* _Records to process_

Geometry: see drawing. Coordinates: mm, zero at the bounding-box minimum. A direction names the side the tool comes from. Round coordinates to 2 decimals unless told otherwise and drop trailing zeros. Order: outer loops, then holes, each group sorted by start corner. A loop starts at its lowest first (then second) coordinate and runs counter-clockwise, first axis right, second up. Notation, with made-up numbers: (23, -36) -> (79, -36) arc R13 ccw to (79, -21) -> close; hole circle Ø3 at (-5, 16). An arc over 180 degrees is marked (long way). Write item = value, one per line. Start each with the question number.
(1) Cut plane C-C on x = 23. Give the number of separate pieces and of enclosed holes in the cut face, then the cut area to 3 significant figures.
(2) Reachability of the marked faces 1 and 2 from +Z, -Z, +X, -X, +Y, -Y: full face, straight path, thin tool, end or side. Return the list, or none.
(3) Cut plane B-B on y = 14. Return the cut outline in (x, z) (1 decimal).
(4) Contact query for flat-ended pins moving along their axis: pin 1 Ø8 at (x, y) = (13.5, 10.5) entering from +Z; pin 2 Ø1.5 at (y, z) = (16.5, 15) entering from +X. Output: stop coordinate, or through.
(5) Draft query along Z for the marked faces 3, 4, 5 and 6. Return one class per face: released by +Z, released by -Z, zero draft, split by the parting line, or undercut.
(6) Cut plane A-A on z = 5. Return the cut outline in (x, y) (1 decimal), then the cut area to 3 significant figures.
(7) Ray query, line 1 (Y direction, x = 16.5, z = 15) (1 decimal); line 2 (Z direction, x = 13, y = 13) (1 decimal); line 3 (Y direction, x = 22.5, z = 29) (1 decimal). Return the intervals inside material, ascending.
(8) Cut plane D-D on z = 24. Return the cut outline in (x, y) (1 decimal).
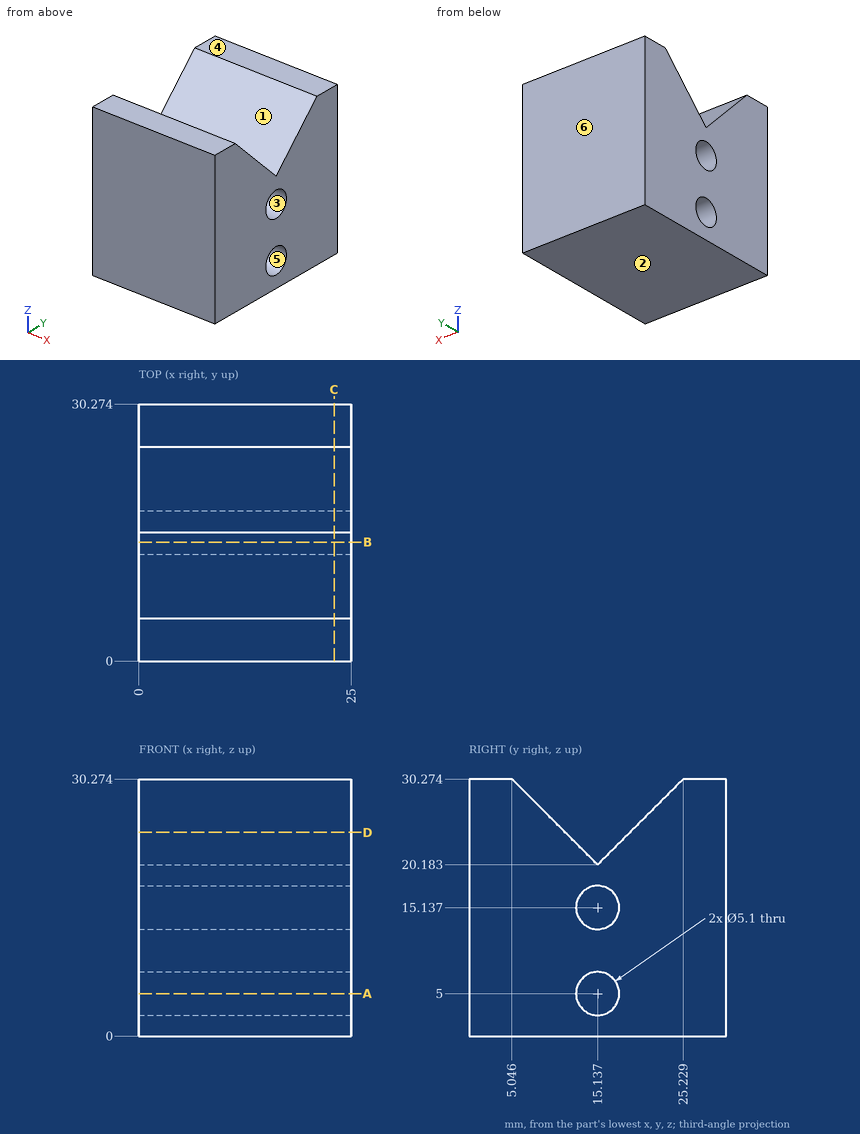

* _Requirement_
All of the material above should be copied exactly, minus the pictures.

* _Answer below_
Geometry: see drawing. Coordinates: mm, zero at the bounding-box minimum. A direction names the side the tool comes from. Round coordinates to 2 decimals unless told otherwise and drop trailing zeros. Order: outer loops, then holes, each group sorted by start corner. A loop starts at its lowest first (then second) coordinate and runs counter-clockwise, first axis right, second up. Notation, with made-up numbers: (23, -36) -> (79, -36) arc R13 ccw to (79, -21) -> close; hole circle Ø3 at (-5, 16). An arc over 180 degrees is marked (long way). Write item = value, one per line. Start each with the question number.
(1) Cut plane C-C on x = 23. Give the number of separate pieces and of enclosed holes in the cut face, then the cut area to 3 significant figures.
(2) Reachability of the marked faces 1 and 2 from +Z, -Z, +X, -X, +Y, -Y: full face, straight path, thin tool, end or side. Return the list, or none.
(3) Cut plane B-B on y = 14. Return the cut outline in (x, z) (1 decimal).
(4) Contact query for flat-ended pins moving along their axis: pin 1 Ø8 at (x, y) = (13.5, 10.5) entering from +Z; pin 2 Ø1.5 at (y, z) = (16.5, 15) entering from +X. Output: stop coordinate, or through.
(5) Draft query along Z for the marked faces 3, 4, 5 and 6. Return one class per face: released by +Z, released by -Z, zero draft, split by the parting line, or undercut.
(6) Cut plane A-A on z = 5. Return the cut outline in (x, y) (1 decimal), then the cut area to 3 significant figures.
(7) Ray query, line 1 (Y direction, x = 16.5, z = 15) (1 decimal); line 2 (Z direction, x = 13, y = 13) (1 decimal); line 3 (Y direction, x = 22.5, z = 29) (1 decimal). Return the intervals inside material, ascending.
(8) Cut plane D-D on z = 24. Return the cut outline in (x, y) (1 decimal).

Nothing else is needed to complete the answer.